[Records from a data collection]

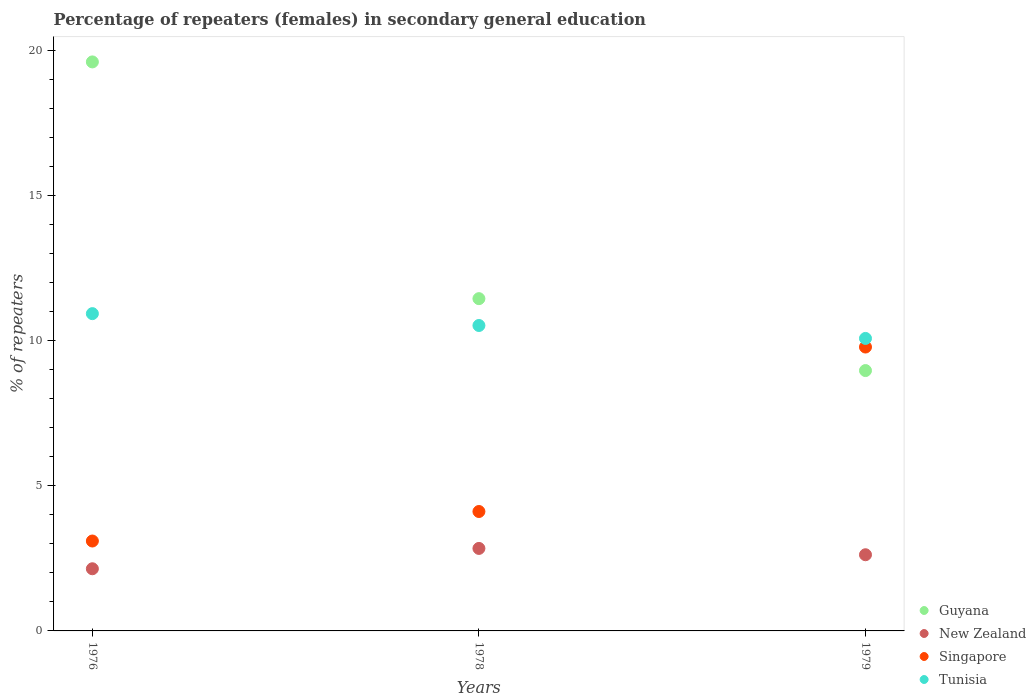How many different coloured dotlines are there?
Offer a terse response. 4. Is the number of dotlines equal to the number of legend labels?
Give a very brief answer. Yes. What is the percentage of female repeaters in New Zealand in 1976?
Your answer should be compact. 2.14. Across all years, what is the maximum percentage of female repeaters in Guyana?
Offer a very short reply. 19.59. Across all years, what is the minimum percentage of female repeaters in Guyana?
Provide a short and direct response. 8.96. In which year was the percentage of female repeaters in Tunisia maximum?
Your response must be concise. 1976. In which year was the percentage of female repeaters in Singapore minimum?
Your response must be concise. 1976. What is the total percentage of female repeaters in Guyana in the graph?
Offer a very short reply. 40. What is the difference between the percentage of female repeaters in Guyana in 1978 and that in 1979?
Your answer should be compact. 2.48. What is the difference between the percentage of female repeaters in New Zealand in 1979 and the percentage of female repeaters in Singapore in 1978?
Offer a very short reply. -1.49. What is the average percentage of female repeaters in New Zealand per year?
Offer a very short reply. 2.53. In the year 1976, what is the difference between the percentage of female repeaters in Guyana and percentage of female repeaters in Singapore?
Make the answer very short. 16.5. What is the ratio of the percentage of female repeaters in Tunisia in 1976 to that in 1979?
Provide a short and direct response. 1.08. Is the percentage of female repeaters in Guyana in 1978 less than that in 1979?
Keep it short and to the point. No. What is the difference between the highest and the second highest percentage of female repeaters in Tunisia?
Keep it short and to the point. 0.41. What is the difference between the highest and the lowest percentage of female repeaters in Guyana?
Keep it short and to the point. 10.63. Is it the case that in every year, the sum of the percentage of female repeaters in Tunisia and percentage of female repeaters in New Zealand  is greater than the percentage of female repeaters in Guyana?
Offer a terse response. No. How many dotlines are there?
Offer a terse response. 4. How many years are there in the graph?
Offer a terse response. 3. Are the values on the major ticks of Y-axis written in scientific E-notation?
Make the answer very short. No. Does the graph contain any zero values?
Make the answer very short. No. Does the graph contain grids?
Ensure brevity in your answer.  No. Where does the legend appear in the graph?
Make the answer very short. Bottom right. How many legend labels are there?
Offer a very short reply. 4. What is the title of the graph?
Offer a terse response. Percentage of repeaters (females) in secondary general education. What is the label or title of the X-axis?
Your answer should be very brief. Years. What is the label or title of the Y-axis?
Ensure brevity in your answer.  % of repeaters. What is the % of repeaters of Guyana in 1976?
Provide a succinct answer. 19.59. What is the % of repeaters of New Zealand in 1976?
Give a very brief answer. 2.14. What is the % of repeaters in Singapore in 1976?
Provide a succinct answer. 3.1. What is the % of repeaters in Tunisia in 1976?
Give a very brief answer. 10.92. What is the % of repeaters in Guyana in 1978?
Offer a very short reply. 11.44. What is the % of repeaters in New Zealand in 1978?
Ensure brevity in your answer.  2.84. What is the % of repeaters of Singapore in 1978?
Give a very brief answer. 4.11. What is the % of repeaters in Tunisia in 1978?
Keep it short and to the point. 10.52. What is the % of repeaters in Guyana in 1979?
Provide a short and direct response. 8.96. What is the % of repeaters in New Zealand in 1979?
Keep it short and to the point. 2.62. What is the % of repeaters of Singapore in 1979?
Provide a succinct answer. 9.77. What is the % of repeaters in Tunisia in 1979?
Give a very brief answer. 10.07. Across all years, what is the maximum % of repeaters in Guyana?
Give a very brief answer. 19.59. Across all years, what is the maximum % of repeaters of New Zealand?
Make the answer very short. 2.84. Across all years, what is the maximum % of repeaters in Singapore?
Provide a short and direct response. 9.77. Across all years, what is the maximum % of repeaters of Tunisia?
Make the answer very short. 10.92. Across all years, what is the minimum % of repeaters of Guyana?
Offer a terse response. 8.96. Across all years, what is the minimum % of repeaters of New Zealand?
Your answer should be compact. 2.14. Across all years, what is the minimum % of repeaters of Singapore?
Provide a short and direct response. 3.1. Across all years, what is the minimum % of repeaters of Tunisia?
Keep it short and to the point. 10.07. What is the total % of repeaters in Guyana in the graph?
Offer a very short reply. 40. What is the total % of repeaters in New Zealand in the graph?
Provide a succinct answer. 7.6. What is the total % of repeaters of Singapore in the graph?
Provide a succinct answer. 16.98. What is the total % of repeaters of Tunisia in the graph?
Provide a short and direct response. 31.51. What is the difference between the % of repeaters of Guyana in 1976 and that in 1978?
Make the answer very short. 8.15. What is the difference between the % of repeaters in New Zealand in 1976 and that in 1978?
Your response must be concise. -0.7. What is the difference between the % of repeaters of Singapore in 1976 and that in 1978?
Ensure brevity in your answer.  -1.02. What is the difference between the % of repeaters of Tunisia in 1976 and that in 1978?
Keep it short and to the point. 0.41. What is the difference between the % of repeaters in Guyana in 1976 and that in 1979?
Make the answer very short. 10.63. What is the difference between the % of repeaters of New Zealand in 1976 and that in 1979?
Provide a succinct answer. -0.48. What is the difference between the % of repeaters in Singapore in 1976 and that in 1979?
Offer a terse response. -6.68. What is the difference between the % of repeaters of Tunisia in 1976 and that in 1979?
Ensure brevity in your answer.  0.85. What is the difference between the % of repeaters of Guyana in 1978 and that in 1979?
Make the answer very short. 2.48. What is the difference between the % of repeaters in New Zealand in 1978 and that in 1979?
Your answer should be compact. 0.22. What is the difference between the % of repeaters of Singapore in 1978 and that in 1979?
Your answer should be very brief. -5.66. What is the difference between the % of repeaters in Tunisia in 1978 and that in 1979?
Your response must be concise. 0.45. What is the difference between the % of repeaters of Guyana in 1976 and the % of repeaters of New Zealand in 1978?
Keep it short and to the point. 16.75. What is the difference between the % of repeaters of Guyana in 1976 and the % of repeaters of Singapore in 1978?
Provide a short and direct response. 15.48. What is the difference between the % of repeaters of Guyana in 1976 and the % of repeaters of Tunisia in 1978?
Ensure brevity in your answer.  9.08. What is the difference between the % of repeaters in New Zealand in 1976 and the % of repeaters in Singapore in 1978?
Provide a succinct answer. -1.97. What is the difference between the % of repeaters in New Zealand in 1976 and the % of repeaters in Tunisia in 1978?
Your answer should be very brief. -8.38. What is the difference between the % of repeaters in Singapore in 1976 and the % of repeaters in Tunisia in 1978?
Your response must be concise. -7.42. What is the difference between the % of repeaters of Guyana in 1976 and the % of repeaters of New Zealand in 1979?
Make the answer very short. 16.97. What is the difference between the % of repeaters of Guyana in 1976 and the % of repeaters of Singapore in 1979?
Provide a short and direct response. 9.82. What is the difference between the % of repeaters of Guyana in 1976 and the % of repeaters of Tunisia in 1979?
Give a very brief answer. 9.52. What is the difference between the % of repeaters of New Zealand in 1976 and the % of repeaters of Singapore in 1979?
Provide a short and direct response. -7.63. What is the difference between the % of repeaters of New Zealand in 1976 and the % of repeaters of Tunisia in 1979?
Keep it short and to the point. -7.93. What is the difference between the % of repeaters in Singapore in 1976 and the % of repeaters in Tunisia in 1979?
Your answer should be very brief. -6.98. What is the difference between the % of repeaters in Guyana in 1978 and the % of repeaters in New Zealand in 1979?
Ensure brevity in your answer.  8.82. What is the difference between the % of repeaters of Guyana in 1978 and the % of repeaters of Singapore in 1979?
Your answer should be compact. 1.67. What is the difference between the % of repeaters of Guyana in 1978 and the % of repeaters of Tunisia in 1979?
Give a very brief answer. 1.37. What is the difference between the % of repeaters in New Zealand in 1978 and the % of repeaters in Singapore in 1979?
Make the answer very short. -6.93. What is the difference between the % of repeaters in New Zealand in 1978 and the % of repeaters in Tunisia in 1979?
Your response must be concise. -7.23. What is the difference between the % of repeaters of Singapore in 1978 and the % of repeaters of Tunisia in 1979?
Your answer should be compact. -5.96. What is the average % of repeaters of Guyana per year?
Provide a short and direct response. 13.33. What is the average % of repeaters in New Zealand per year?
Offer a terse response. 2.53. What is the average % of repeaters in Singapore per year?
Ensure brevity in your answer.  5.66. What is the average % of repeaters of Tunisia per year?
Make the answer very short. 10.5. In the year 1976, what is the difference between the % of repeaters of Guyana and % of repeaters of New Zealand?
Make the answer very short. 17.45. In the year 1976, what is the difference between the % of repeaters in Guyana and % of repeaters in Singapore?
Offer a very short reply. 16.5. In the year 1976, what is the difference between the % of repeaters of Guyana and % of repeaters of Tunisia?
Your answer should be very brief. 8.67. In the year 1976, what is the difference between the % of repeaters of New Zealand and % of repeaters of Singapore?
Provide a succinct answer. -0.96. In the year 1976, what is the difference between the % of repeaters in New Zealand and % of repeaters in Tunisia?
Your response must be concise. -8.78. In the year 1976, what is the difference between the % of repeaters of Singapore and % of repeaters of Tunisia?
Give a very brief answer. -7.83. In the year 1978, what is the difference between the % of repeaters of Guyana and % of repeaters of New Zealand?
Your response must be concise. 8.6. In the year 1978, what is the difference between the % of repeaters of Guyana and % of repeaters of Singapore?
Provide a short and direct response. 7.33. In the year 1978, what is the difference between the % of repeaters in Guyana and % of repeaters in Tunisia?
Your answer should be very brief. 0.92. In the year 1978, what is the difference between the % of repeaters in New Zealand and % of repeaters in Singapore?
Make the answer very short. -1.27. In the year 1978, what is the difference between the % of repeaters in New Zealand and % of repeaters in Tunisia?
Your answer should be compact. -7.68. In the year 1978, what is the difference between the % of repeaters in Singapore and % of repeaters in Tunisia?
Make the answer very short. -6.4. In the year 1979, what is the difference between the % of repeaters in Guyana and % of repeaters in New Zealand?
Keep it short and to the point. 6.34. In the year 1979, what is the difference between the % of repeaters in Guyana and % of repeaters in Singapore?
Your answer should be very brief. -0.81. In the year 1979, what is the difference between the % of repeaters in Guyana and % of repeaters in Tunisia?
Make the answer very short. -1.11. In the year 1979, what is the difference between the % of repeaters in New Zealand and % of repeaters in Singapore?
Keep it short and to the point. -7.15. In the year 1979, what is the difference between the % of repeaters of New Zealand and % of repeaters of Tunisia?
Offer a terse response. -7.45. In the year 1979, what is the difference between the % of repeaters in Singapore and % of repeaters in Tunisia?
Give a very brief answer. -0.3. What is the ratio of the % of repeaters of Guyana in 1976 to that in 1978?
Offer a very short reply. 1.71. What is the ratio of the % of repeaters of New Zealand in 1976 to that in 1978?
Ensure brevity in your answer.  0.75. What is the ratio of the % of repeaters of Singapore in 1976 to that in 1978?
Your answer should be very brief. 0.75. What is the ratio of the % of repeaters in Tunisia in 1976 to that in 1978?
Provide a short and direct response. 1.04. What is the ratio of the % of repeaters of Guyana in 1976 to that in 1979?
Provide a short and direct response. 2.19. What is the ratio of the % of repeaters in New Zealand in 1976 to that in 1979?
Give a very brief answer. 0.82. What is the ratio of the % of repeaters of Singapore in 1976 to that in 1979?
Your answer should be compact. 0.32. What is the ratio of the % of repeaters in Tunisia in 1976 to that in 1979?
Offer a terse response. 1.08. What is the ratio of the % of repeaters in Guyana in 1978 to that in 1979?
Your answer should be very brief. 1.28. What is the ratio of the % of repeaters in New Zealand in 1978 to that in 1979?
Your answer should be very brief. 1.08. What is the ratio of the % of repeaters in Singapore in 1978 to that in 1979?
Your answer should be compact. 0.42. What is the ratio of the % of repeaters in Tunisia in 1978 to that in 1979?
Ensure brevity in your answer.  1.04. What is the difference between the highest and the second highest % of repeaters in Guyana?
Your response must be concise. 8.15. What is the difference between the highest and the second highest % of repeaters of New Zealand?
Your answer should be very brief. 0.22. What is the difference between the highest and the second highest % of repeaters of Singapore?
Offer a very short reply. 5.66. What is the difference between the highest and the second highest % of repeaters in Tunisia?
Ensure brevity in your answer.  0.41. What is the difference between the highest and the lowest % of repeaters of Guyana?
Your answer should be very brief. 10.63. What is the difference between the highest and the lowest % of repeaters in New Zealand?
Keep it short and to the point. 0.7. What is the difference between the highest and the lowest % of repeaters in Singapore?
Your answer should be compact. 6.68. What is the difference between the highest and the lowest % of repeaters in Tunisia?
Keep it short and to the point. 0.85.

* _Prompt_
Review the preceding data and report every line that includes the string "title".

* _Written solution_
Offer a very short reply. 4. What is the title of the graph?
Offer a terse response. Percentage of repeaters (females) in secondary general education. What is the label or title of the X-axis?
Your answer should be very brief. Years. What is the label or title of the Y-axis?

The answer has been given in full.